In the entries below, count each line holding the word "fbRtStop". Answer with the total alone.

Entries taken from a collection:
----
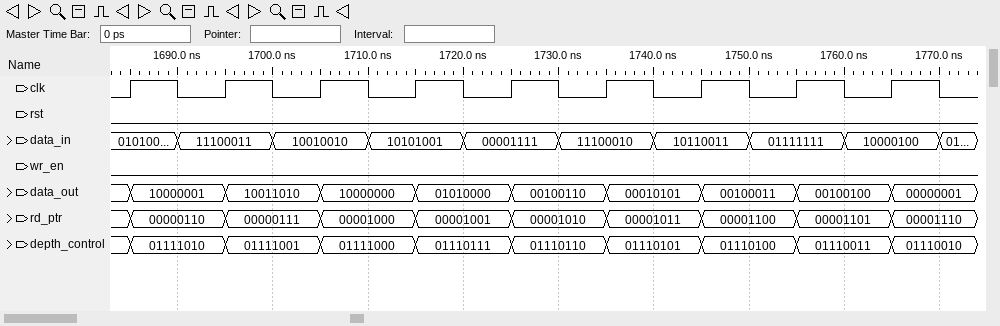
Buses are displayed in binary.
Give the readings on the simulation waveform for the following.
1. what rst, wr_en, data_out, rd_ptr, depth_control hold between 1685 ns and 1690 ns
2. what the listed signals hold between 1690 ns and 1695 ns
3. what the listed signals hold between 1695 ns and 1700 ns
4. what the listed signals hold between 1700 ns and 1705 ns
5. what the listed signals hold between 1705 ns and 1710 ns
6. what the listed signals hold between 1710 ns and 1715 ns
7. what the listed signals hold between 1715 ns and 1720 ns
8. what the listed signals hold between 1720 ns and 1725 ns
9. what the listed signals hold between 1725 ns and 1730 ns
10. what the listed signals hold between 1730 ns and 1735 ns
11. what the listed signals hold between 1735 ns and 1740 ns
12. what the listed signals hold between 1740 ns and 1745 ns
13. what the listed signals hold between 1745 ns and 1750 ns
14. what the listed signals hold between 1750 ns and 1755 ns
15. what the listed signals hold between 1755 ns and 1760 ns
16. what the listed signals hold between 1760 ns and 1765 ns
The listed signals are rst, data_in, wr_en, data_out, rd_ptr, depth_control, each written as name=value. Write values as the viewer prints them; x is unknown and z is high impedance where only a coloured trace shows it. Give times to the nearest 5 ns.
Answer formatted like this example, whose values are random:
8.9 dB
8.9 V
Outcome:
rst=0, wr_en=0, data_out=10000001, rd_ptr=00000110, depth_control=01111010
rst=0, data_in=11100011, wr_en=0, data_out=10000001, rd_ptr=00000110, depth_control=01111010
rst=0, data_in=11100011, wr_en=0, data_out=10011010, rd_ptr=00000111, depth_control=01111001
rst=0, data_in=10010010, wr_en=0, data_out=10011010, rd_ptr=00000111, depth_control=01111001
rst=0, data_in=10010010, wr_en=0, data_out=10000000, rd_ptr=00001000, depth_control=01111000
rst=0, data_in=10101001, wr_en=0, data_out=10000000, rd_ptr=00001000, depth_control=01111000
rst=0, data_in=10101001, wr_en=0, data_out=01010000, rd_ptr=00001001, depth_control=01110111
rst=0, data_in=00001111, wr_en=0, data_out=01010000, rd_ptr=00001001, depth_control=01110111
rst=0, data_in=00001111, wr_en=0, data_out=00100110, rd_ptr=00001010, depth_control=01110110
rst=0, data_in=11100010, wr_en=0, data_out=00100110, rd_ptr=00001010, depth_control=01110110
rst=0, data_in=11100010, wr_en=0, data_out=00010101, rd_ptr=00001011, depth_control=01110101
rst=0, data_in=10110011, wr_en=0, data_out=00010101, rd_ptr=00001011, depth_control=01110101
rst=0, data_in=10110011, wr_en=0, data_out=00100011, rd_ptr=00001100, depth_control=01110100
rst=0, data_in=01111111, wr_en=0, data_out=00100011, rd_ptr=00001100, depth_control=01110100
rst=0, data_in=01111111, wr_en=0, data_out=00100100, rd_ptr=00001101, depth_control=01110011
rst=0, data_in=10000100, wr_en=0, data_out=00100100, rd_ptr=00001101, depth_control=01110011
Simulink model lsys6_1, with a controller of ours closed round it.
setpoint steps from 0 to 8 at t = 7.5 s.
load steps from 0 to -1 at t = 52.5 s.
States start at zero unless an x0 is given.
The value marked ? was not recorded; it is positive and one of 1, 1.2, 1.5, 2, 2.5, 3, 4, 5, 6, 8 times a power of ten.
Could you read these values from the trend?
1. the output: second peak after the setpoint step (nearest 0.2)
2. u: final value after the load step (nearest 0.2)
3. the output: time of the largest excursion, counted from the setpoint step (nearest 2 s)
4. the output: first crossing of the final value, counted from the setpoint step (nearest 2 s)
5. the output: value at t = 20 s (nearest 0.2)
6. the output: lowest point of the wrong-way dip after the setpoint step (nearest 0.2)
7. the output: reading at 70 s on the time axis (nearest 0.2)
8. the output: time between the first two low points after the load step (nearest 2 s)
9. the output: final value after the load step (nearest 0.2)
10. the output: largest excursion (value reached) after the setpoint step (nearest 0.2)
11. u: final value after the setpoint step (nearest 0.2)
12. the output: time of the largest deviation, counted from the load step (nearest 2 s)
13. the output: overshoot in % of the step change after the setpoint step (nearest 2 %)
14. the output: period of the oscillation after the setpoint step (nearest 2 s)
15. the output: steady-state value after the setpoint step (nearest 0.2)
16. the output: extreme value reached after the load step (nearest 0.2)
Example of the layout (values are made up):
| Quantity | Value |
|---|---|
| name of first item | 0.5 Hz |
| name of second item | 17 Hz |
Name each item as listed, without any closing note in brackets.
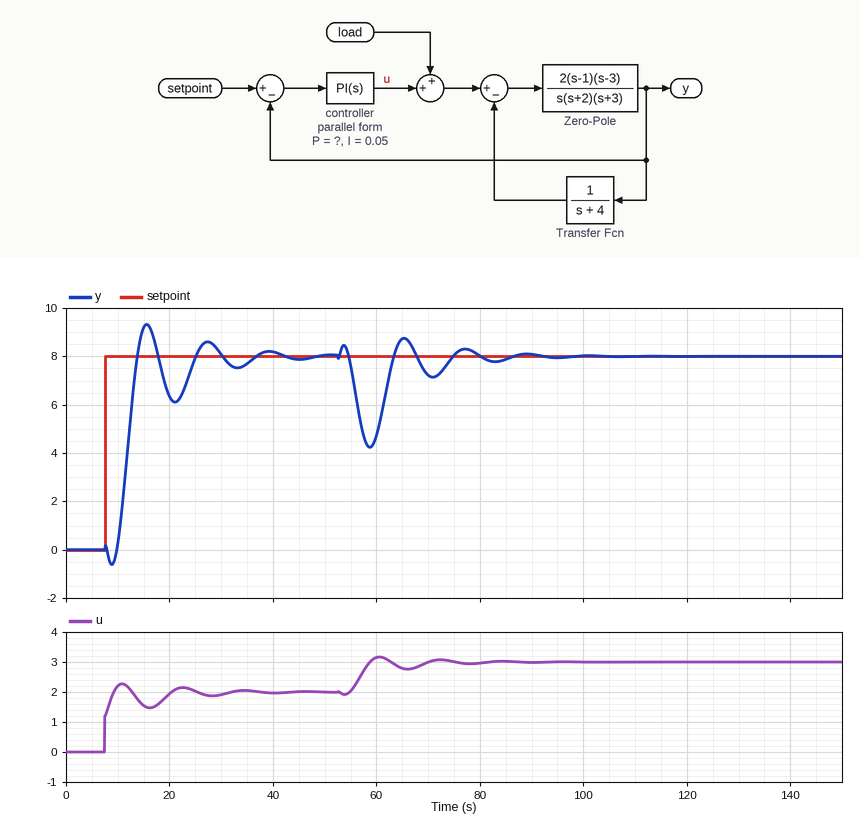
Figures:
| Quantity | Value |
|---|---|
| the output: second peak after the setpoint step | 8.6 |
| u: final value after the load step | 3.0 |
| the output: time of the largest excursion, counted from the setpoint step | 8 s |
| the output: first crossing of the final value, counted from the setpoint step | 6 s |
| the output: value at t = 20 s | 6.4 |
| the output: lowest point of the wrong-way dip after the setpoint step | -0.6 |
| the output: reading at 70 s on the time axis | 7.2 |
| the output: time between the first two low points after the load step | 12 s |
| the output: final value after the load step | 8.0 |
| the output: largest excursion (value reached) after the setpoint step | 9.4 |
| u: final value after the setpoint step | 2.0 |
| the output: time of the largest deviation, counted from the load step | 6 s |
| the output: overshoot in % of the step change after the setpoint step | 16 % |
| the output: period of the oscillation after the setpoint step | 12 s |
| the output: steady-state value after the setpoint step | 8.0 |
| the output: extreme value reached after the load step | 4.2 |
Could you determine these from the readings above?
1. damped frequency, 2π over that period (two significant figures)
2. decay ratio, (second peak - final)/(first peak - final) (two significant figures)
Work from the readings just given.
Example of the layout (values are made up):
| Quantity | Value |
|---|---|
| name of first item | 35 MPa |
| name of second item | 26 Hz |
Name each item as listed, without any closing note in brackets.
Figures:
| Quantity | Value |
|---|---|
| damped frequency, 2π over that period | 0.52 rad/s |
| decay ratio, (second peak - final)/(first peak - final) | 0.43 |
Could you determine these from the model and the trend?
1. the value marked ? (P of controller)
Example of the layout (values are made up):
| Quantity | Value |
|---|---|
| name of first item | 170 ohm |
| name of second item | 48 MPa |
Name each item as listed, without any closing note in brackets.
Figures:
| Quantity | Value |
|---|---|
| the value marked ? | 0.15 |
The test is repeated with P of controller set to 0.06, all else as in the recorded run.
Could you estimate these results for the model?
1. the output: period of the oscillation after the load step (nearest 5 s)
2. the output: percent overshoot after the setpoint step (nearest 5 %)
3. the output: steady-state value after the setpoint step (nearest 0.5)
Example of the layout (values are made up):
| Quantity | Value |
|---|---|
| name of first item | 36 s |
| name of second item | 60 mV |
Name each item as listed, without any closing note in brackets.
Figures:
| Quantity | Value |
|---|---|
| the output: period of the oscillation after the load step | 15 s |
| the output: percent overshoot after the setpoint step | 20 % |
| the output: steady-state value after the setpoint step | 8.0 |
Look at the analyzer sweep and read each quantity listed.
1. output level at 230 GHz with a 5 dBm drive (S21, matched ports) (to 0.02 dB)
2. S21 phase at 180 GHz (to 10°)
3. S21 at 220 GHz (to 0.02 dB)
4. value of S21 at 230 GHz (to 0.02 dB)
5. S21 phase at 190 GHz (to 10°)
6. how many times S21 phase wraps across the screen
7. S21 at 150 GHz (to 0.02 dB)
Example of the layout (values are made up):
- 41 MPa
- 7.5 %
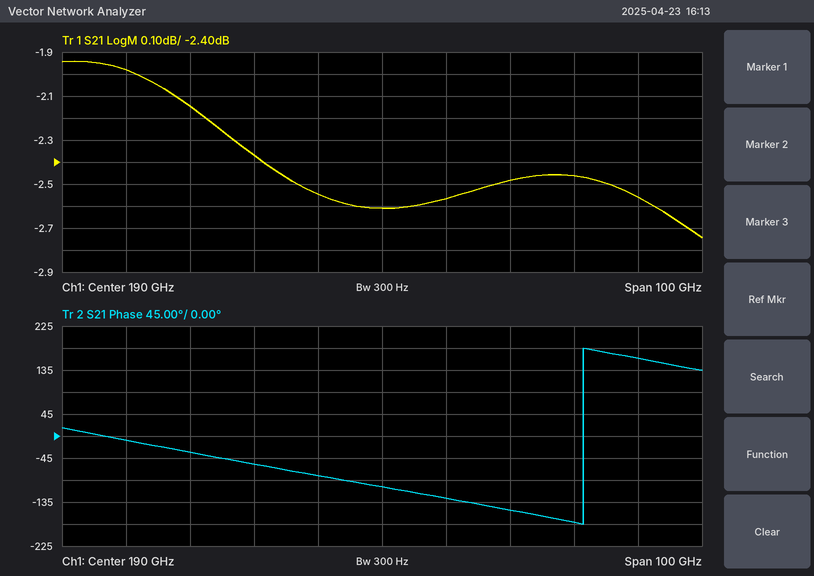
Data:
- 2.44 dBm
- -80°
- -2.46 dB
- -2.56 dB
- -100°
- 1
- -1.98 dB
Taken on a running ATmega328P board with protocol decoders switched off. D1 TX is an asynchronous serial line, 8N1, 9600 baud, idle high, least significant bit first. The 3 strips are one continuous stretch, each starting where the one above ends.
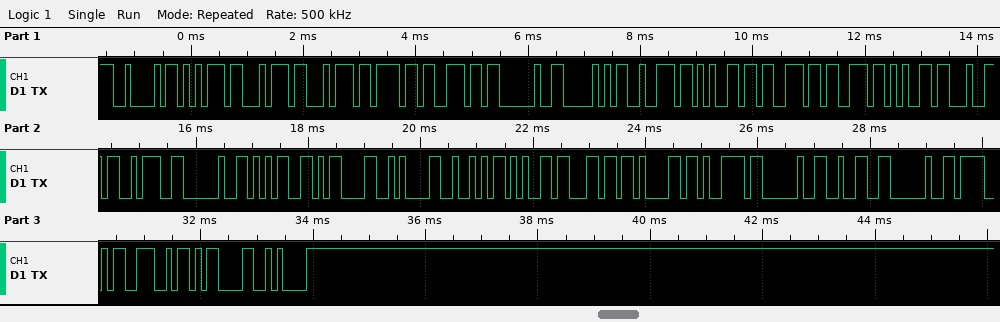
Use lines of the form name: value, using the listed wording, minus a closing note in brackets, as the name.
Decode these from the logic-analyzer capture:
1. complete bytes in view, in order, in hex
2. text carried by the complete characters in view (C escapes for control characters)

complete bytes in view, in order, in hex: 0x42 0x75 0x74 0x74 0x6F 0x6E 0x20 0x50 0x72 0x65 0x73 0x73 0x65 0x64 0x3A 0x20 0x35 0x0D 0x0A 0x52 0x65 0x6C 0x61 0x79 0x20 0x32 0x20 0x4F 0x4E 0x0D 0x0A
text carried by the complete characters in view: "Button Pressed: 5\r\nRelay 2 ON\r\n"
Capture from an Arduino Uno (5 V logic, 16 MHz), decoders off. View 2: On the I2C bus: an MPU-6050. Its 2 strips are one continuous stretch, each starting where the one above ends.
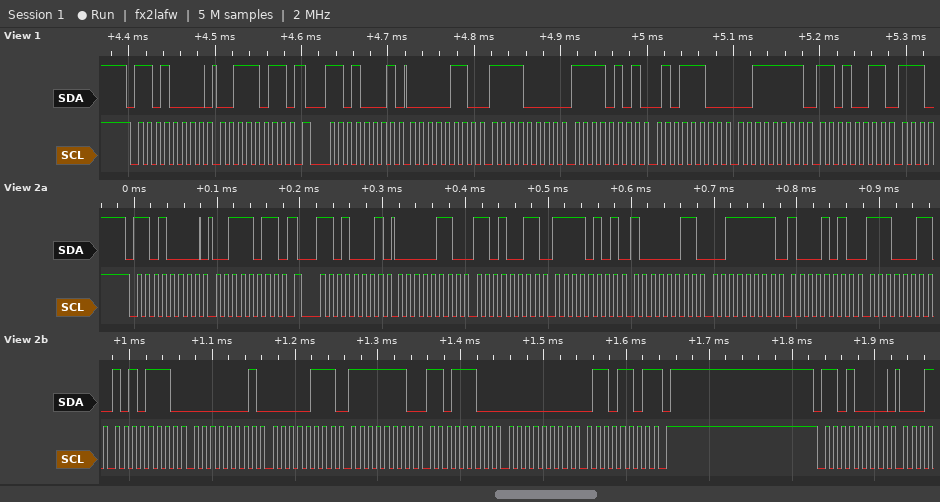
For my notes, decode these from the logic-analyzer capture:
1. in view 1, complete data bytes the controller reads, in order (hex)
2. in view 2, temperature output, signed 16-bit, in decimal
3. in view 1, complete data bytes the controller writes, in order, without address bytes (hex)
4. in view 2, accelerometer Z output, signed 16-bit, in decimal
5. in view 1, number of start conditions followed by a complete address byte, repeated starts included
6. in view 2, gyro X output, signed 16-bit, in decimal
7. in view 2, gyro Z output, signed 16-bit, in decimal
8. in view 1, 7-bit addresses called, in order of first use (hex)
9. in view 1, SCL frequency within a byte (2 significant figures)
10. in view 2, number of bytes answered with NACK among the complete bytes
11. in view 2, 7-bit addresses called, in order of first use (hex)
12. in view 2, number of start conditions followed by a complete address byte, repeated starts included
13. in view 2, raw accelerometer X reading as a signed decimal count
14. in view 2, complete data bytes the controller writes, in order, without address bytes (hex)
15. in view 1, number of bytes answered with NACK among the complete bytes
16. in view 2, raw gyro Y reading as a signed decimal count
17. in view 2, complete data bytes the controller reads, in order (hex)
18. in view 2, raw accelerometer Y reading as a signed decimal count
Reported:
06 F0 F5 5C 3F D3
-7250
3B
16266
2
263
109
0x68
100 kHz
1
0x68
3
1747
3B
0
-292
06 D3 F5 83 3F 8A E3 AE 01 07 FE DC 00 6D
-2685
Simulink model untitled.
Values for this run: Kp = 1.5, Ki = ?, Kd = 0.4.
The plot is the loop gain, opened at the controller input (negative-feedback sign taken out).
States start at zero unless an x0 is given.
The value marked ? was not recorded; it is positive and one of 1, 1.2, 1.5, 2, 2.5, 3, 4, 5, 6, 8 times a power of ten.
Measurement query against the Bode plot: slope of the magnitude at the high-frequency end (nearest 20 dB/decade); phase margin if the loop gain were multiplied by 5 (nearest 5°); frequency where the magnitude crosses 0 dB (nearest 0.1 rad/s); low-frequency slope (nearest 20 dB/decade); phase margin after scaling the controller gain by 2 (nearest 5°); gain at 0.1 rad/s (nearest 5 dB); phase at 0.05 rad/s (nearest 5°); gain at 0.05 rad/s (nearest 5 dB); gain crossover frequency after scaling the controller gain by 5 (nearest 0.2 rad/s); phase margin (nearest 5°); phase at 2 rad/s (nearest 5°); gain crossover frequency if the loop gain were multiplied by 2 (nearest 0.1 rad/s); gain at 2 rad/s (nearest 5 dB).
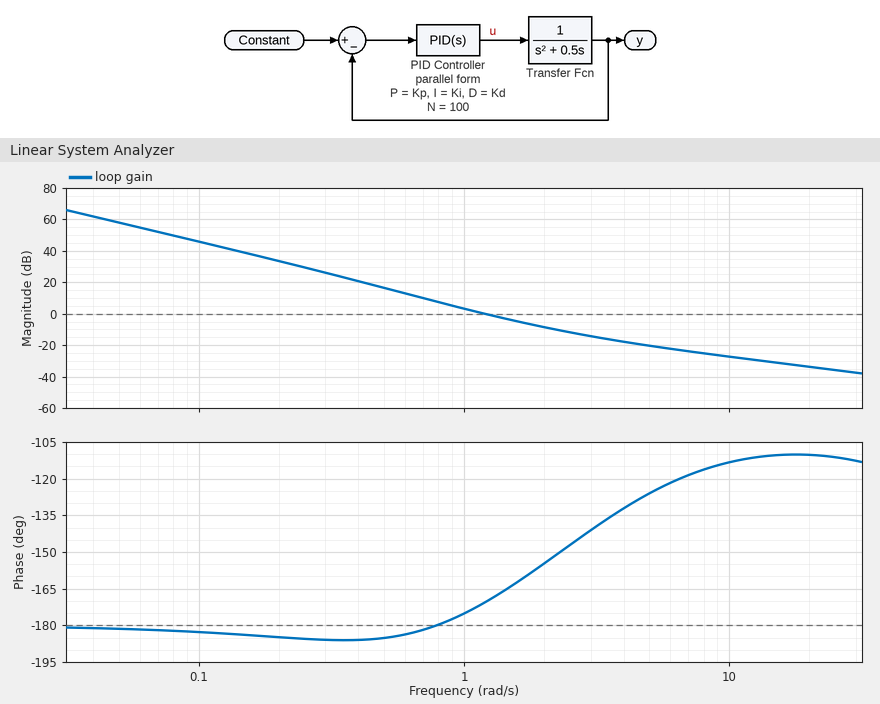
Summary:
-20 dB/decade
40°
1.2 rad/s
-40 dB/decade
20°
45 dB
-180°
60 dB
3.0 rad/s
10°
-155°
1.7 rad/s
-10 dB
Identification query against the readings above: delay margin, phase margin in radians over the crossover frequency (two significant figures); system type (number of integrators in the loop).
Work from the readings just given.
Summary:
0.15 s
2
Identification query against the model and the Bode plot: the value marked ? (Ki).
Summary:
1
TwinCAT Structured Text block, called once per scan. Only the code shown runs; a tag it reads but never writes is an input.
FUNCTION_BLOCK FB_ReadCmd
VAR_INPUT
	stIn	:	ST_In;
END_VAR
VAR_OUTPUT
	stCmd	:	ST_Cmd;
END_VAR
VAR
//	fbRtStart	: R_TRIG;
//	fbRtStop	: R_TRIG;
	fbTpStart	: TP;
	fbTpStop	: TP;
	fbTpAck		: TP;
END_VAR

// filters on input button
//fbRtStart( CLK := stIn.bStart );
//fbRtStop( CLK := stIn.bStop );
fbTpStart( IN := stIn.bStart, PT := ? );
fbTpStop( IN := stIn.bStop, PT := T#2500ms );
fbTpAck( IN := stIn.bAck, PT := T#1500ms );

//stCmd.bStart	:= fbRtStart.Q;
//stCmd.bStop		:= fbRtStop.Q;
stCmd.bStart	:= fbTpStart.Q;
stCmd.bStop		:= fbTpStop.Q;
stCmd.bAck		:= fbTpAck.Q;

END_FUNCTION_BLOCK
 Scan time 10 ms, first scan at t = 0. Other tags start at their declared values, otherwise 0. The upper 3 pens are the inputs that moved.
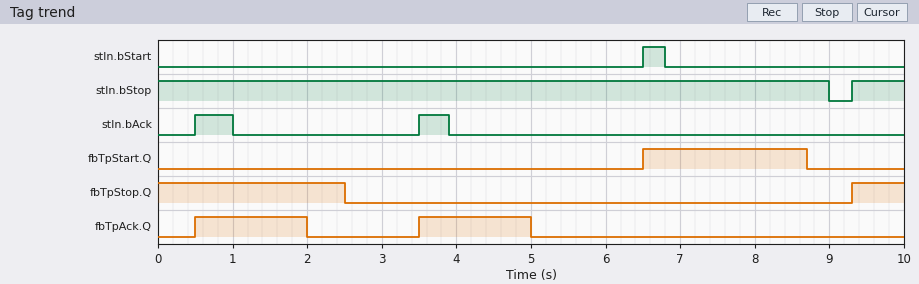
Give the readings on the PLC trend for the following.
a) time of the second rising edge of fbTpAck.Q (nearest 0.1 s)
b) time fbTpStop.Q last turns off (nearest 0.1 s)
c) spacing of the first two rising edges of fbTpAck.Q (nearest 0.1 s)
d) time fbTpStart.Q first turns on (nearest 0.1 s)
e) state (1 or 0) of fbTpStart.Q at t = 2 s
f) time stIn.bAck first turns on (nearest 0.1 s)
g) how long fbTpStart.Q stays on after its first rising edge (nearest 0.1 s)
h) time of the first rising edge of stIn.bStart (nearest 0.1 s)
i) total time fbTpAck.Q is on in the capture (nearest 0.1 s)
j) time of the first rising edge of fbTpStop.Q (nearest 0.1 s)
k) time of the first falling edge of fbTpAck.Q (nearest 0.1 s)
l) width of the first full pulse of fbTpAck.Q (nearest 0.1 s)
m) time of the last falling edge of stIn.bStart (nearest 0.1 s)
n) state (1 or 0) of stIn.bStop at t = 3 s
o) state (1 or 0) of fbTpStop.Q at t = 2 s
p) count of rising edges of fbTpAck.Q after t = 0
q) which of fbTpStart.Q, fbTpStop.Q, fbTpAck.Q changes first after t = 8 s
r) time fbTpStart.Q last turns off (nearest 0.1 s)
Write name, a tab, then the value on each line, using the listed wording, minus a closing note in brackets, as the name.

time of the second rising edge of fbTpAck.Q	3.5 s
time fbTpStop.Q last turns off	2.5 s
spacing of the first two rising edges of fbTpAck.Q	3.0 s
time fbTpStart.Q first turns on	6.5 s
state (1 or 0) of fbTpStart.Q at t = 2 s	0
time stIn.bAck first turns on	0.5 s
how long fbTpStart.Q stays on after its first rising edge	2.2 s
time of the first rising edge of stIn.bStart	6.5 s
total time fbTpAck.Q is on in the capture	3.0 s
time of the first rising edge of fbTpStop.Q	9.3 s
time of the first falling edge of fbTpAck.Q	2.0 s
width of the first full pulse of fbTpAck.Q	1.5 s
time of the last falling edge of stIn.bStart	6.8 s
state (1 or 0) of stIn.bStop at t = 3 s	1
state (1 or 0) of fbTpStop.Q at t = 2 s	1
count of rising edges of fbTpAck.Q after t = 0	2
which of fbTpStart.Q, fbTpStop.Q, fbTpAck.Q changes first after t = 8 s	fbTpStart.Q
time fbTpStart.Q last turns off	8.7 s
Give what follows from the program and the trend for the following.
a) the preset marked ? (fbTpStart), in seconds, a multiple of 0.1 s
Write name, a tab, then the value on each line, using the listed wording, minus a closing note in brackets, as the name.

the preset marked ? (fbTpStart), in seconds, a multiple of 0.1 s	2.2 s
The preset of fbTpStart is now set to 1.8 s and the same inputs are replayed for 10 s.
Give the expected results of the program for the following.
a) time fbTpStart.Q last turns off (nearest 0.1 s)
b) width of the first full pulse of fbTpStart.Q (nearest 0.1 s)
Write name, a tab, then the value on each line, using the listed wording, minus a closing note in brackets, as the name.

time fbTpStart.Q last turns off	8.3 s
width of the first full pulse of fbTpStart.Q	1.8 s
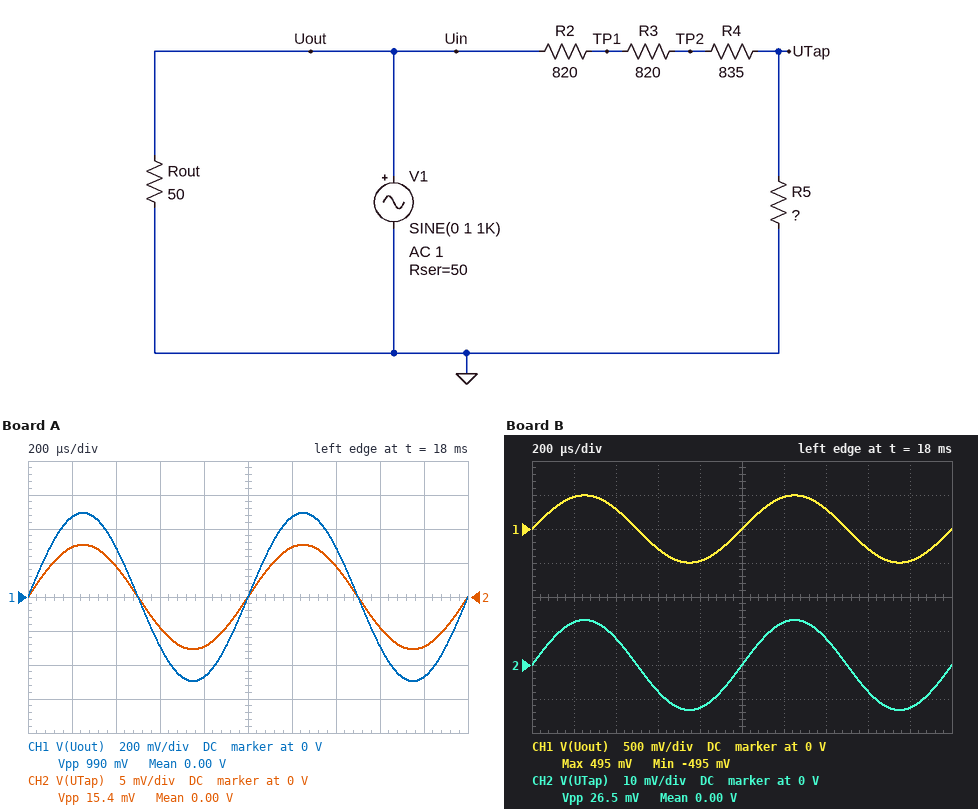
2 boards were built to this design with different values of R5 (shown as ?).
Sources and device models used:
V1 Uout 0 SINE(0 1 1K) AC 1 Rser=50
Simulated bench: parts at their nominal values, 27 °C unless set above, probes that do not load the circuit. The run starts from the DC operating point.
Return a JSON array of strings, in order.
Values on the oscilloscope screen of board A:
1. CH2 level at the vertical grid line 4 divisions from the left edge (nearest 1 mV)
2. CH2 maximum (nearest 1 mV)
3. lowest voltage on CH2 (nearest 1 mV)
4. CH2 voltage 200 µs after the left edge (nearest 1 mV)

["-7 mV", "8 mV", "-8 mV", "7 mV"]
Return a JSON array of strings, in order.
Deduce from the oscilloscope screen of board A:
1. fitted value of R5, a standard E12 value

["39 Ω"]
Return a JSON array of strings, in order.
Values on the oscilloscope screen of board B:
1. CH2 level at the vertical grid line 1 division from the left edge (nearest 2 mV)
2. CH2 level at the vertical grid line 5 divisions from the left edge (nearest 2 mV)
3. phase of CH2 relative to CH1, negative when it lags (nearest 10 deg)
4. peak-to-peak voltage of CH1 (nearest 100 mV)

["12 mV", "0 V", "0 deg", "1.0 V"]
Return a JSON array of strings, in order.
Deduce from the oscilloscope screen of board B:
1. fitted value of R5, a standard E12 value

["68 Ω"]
----
_Solved problem_: 3